На этот раз Порфирий Владимирыч серьезно обиделся и замолчал. Долго ходили они рядом взад и вперед по столовой. Аннинька зевала, Порфирий Владимирыч в каждом углу крестился. Наконец доложили, что поданы лошади, и началась обычная комедия родственных проводов. Головлев надел шубу, вышел на крыльцо, расцеловался с Аннинькой, кричал на людей: ноги-то! ноги-то теплее закутывайте! или кутййки-то! кутейки-то взяли ли? ах, не забыть бы! – и крестил при этом воздух.
Съездила Аннинька на могилку к бабушке, попросила воплинского батюшку панихидку отслужить, и когда дьячки уныло затянули вечную память, то поплакала. Картина, среди которой совершалась церемония, была печальная. Церковь, при которой схоронили Арину Петровну, принадлежала к числу бедных; штукатурка местами обвалилась и обнажила большими заплатами кирпичный остов; колокол звонил слабо и глухо; риза на священнике обветшала. Глубокий снег покрывал кладбище, так что нужно было разгребать дорогу лопатами, чтоб дойти до могилы; памятника еще не существовало, а стоял простой белый крест, на котором даже надписи никакой не значилось. Погост стоял уединенно, в стороне от всякого селения; неподалеку от церкви ютились почерневшие избы священника и причетников, а кругом во все стороны стлалась сиротливая снежная равнина, на поверхности которой по местам торчал какой-то хворост.
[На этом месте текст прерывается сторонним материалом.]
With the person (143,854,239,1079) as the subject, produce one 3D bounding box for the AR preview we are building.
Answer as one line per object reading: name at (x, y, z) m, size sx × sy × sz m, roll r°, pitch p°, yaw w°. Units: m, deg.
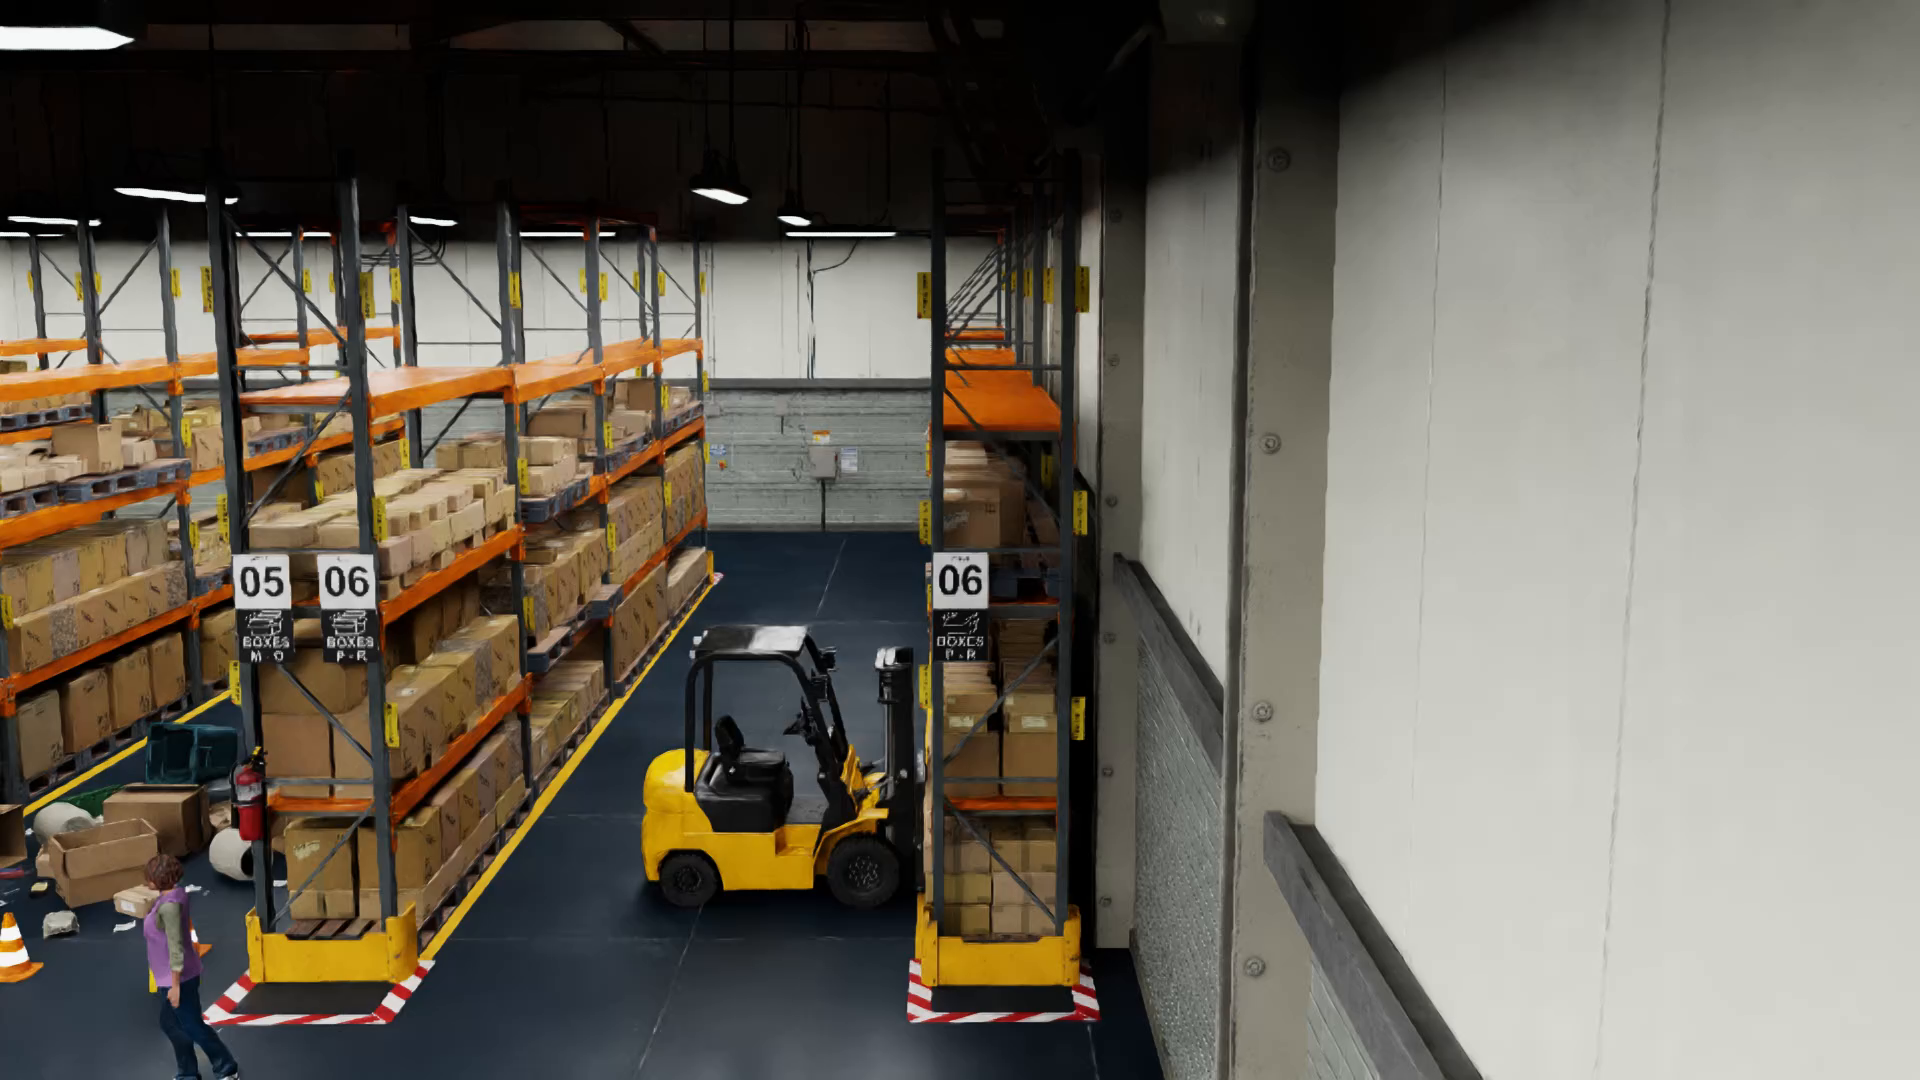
person at (-4.854, 2.739, 10.472) m, size 0.484 × 1.587 × 0.514 m, roll -4°, pitch 10°, yaw -24°

Крепкий мартовский ветер носился над кладбищем, беспрестанно захлестывая ризу на священнике и относя в сторону пение причетников.
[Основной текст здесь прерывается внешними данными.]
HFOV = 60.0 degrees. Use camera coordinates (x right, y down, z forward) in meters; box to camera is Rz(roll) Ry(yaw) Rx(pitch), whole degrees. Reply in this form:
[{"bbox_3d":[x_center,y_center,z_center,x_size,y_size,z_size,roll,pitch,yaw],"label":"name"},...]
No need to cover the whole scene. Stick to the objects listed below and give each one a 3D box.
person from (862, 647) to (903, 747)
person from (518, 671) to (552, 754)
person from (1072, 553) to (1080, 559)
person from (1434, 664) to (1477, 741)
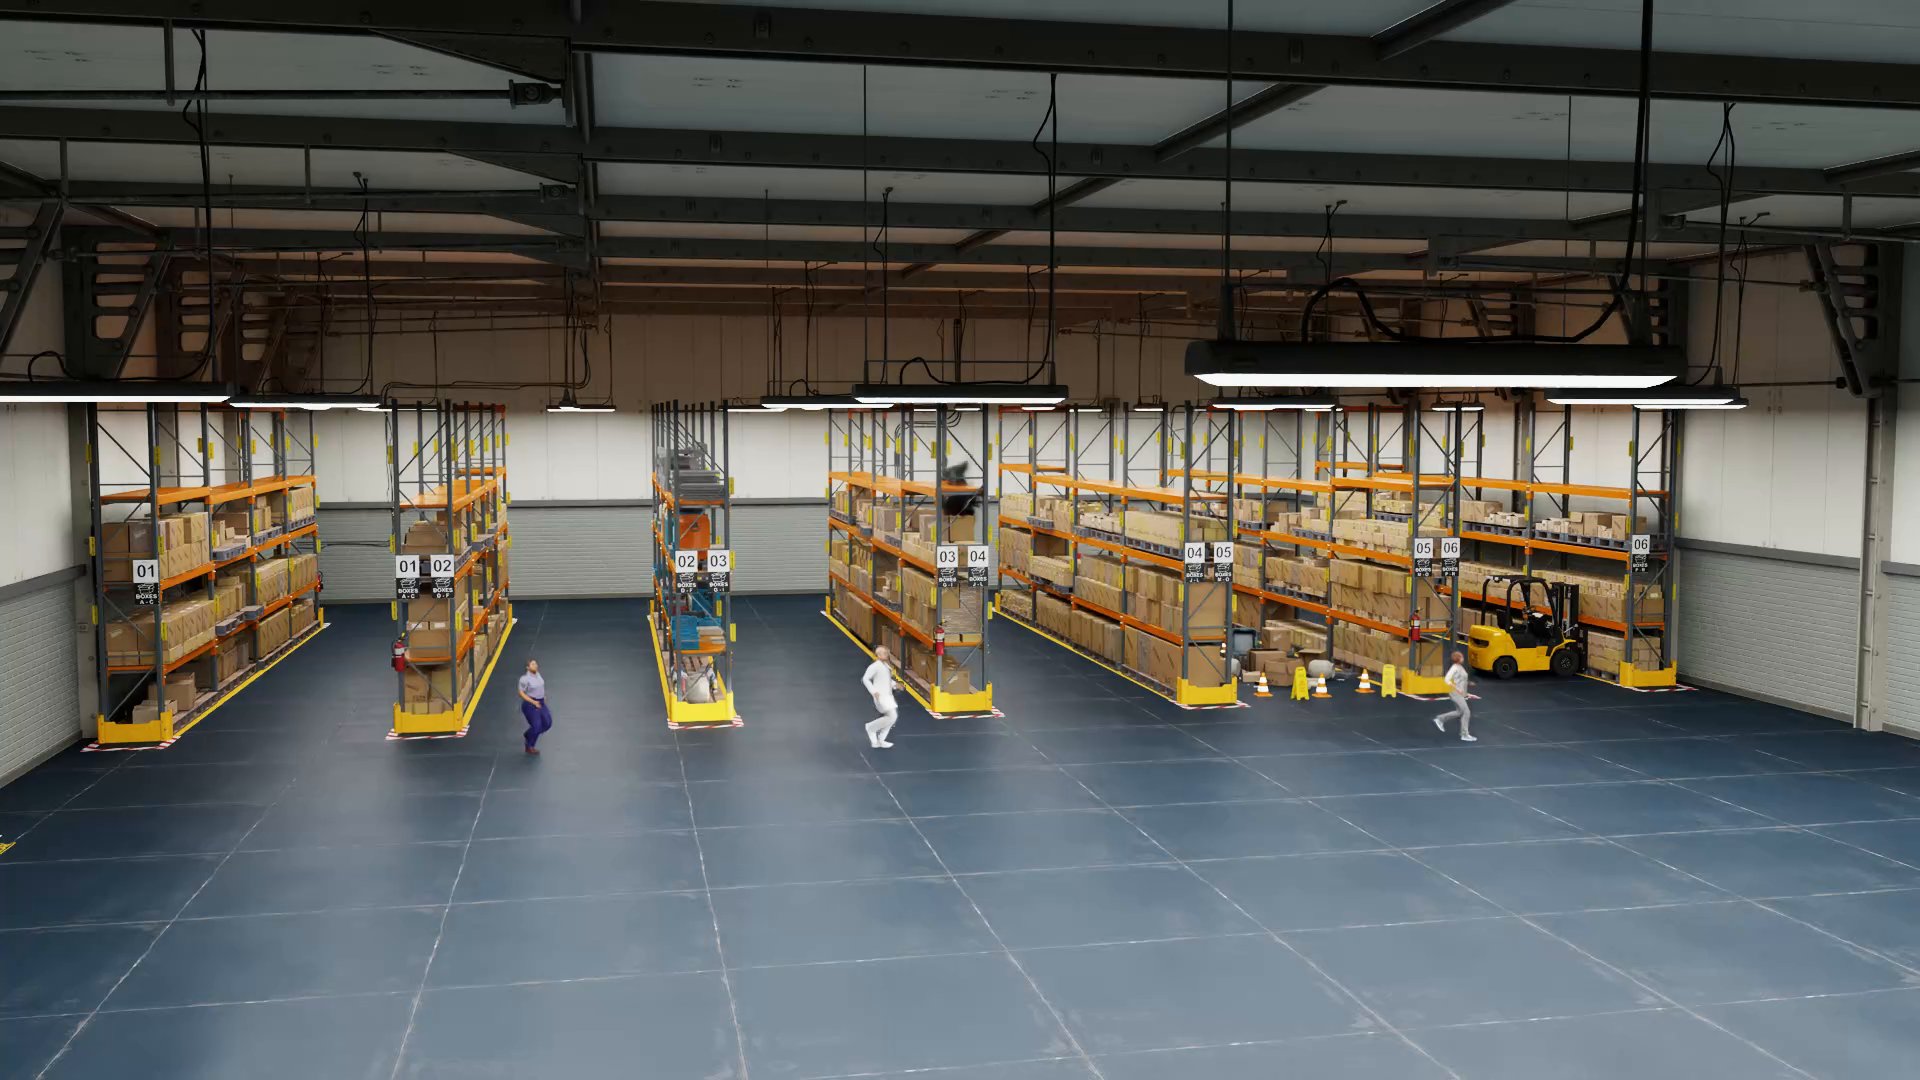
[{"bbox_3d":[-1.282,2.707,28.552,0.598,1.731,0.714,1,5,19],"label":"person"},{"bbox_3d":[-7.207,2.918,28.133,0.517,1.397,0.582,2,5,21],"label":"person"},{"bbox_3d":[3.368,1.226,48.159,0.626,1.736,0.592,-2,5,-25],"label":"person"},{"bbox_3d":[8.723,2.844,29.267,0.767,1.341,0.547,2,5,30],"label":"person"}]

– И кто бы, сударыня, подумал, что под сим скромным крестом, при бедной нашей церкви, нашла себе успокоение богатейшая некогда помещица здешнего уезда! – сказал священник по окончании литии.
При этих словах Аннинька и еще поплакала. Ей вспомнилось: где стол был яств – там гроб стоит, и слезы так и лились. Потом она пошла к батюшке в хату, напилась чаю, побеседовала с матушкой, опять вспомнила: и бледна смерть на всех глядит – и опять много и долго плакала.
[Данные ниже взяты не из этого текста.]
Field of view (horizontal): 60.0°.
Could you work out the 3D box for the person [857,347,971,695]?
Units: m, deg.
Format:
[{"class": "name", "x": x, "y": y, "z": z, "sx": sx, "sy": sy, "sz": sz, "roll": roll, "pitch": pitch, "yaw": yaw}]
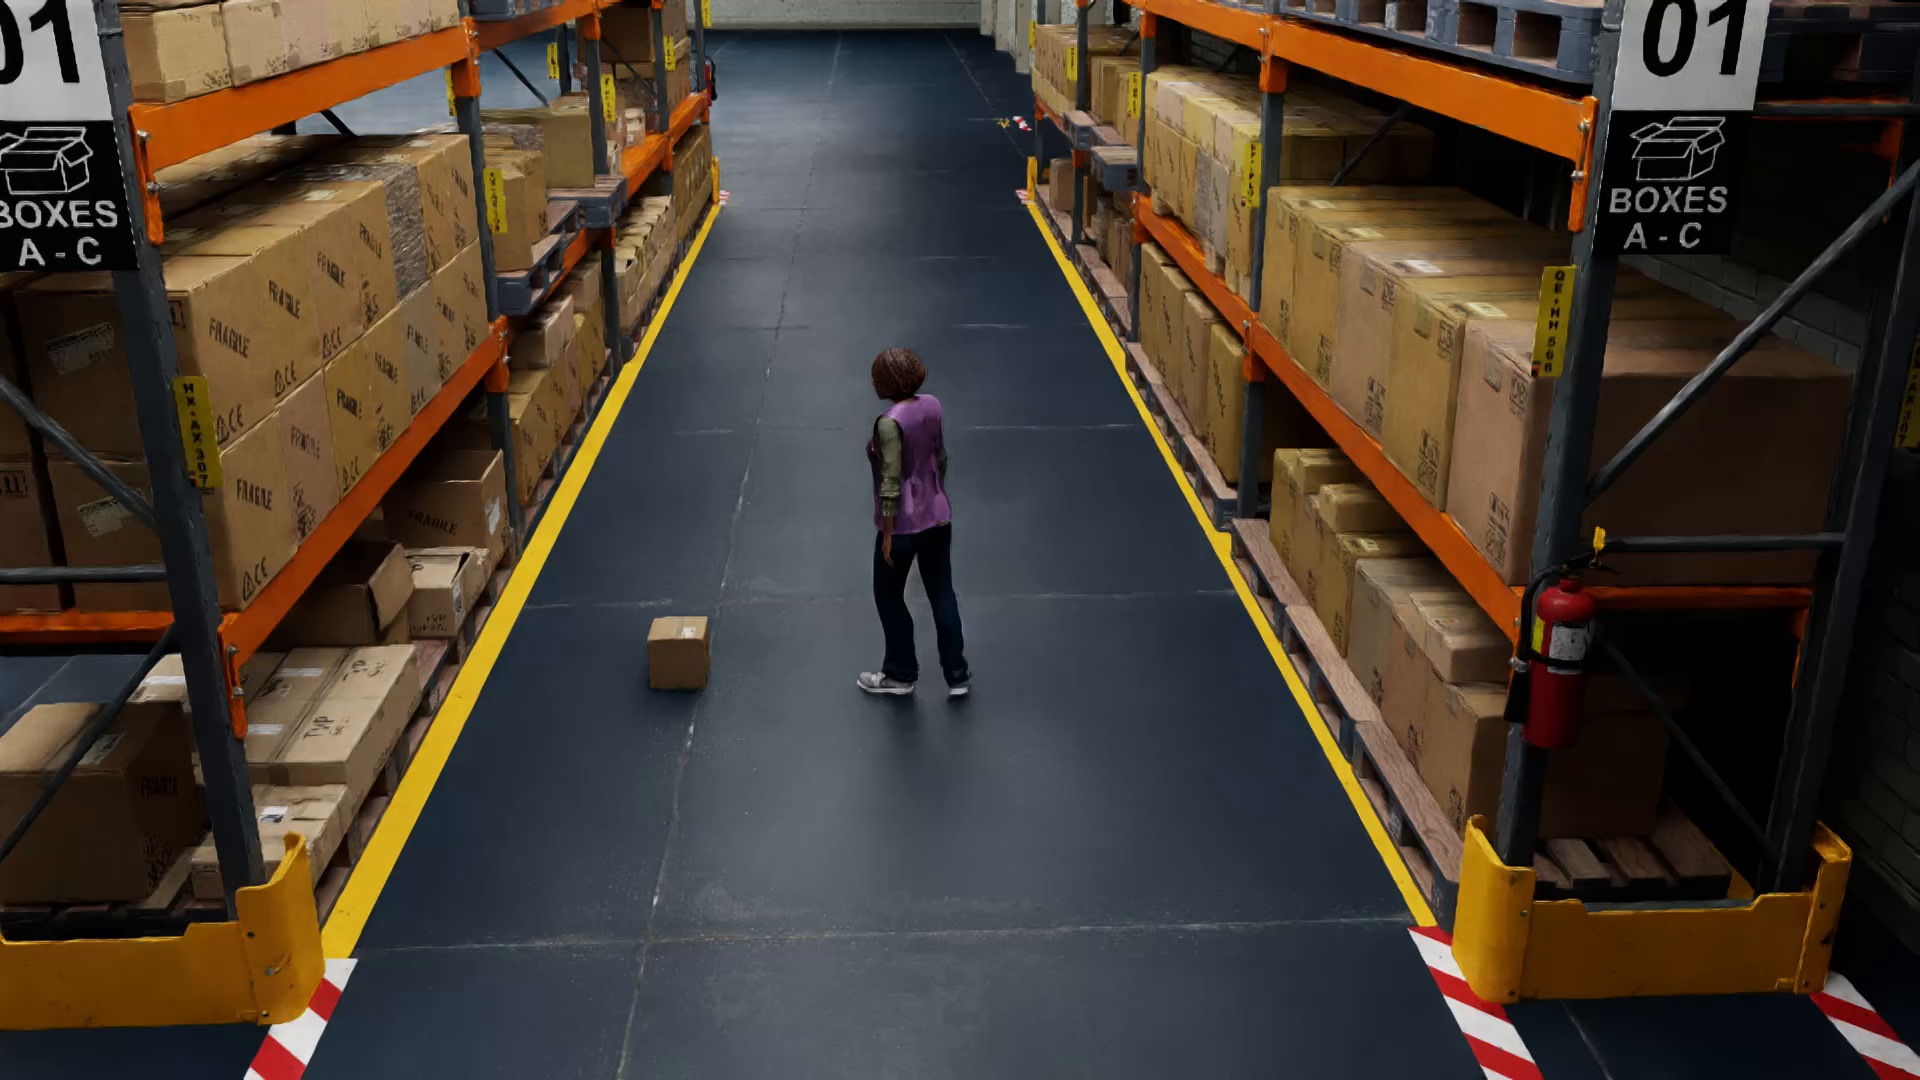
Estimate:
[{"class": "person", "x": -0.194, "y": -0.065, "z": 7.262, "sx": 0.487, "sy": 1.596, "sz": 0.479, "roll": 17, "pitch": 26, "yaw": 37}]

В Погорелку не было дано знать о приезде барышни, и потому там даже комнат в доме не истопили. Аннинька, не снимая шубы, прошла по всем комнатам и остановилась на минуту только в спальной бабушки и в образной. В бабушкиной комнате стояла ее постель, на которой так и лежала неубранная груда замасленных пуховиков и несколько подушек без наволочек. На письменном столе валялись разбросанные лоскутья бумаги; пол был неметен, и густой слой пыли покрывал все предметы. Аннинька присела в кресло, в котором сиживала бабушка, и задумалась. Сначала явились воспоминания прошлого, потом на смену им пришли представления настоящего. Первые проходили в виде обрывков, мимолетно и не задерживаясь; вторые оседали плотно. Давно ли рвалась она на волю, давно ли Погорелка казалась ей постылою – и вот теперь вдруг ее сердце переполнило какое-то болезненное желание пожить в этом постылом месте. Тихо здесь; неуютно, неприглядно, но тихо, так тихо, словно все кругом умерло. Воздуху много и простору: вон оно, поле, – так бы и побежала. Без цели, без оглядки, только чтоб дышалось сильнее, чтоб грудь саднило. А там, в этой полукочевой среде, из которой она только что вырвалась и куда опять должна возвратиться, – что ее ждет? и что она оттуда вынесла? – Воспоминание о пропитанных вонью гостиницах, об вечном гвалте, несущемся из общей столовой и из биллиардной, о нечесаных и немытых половых, об репетициях среди царствующих на сцене сумерек, среди полотняных, раскрашенных кулис, до которых дотронуться гнусно, на сквозном ветру, на сырости… Вот и только! А потом: офицеры, адвокаты, цинические речи, пустые бутылки, скатерти, залитые вином, облака дыма, и гвалт, гвалт, гвалт! И что они говорили ей! с каким цинизмом к ней прикасались!.. Особливо тот, усатый, с охрипшим от перепоя голосом, с воспаленными глазами, с вечным запахом конюшни… ах, что он говорил! Аннинька при этом воспоминании даже вздрогнула и зажмурила глаза. Потом, однако ж, очнулась, вздохнула и перешла в образную. В киоте стояло уже немного образов, только те, которые несомненно принадлежали ее матери, а остальные, бабушкины, были вынуты и увезены Иудушкой, в качестве наследника, в Головлево. Образовавшиеся вследствие этого пустые места смотрели словно выколотые глаза. И лампад не было – все взял Иудушка; только один желтого воска огарок сиротливо ютился, забытый в крохотном жестяном подсвечнике.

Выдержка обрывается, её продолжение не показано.